We're at an inflection point for bold statements about AI.
"In the 2030s, intelligence and energy—ideas, and the ability to make ideas happen—are going to become wildly abundant. These two have been the fundamental limiters on human progress for a long time; with abundant intelligence and energy (and good governance), we can theoretically have anything else," said Altman.
This superintelligence thing will be great for humanity—or not. "The rate of technological progress will keep accelerating, and it will continue to be the case that people are capable of adapting to almost anything. There will be very hard parts like whole classes of jobs going away, but on the other hand the world will be getting so much richer so quickly that we’ll be able to seriously entertain new policy ideas we never could before," said Altman. "We probably won’t adopt a new social contract all at once, but when we look back in a few decades, the gradual changes will have amounted to something big."
All we have to do is get alignment on what society wants from AI systems and democratize the access.
My inflection point believability on scale of 1 to 10: 2. Why? Society is in no place to reach consensus on something like AI superintelligence.
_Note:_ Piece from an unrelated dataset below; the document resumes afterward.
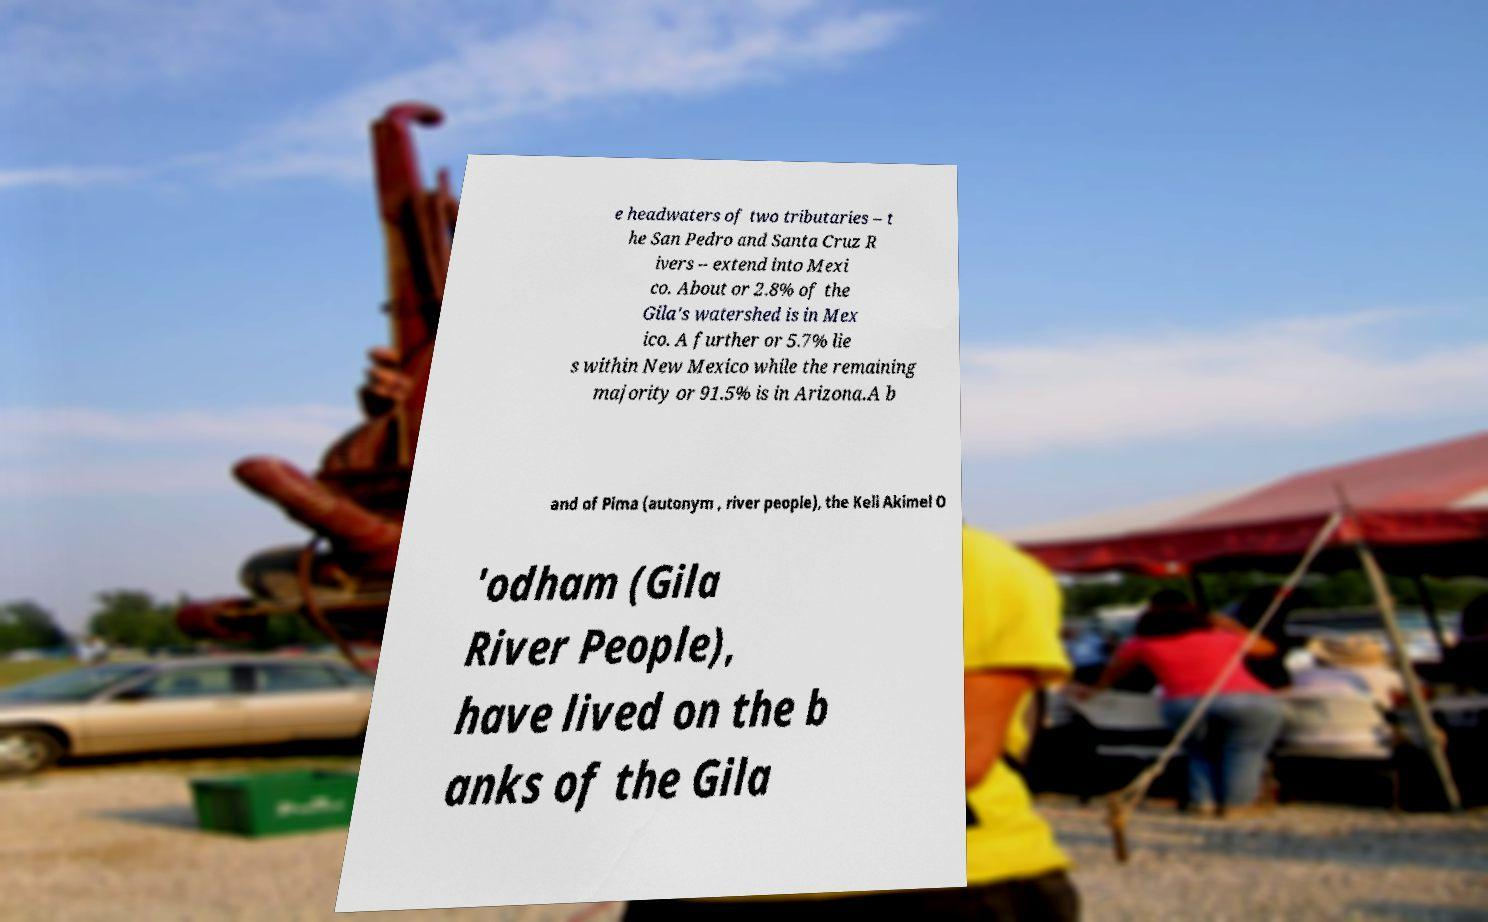Please identify and transcribe the text found in this image. e headwaters of two tributaries – t he San Pedro and Santa Cruz R ivers – extend into Mexi co. About or 2.8% of the Gila's watershed is in Mex ico. A further or 5.7% lie s within New Mexico while the remaining majority or 91.5% is in Arizona.A b and of Pima (autonym , river people), the Keli Akimel O 'odham (Gila River People), have lived on the b anks of the Gila

Silicon Valley will deliver superintelligence and apologize later.
Apple is missing the AI revolution and peak Apple has passed
Given the ho-hum reaction to Apple's WWDC 2025 and lack of Apple Intelligence progress, it appears that Apple is treading water before a downswing. Like many large tech vendors, Apple appears to be missing the AI curve.
Craig Federighi, SVP of Software Engineering at Apple, said during the WWDC keynote that "we're continuing our work to deliver the features that make Siri even more personal. This work needed more time to reach our high quality bar, and we look forward to sharing more about it in the coming year."
And with that confession at the altar of AI, Federighi and his band of executives spent the rest of the keynote talking about the redesign of its operating systems across devices called Liquid Glass.
It remains to be seen whether Apple can catch up in AI and become more than a mere vessel for other innovators. Ben Thompson at Stratechery said Apple retreated into the familiar. Others complained that Apple just recreated Windows Vista. VisionOS 26 was interesting though.
Either way, Apple's WWDC and product cycles have lost the buzz, but I'd hold off on the obit. One thing is clear: Apple has the resources to miss the AI curve to some degree and milk services revenue until the company figures it out. In its latest quarter, Apple generated $24 million in operating cash flow and returned $29 billion to shareholders and had more than $28 billion in cash.
My inflection point believability on scale of 1 to 10: 9. The problem for Apple is the curve is headed in the wrong direction. We've passed peak Apple.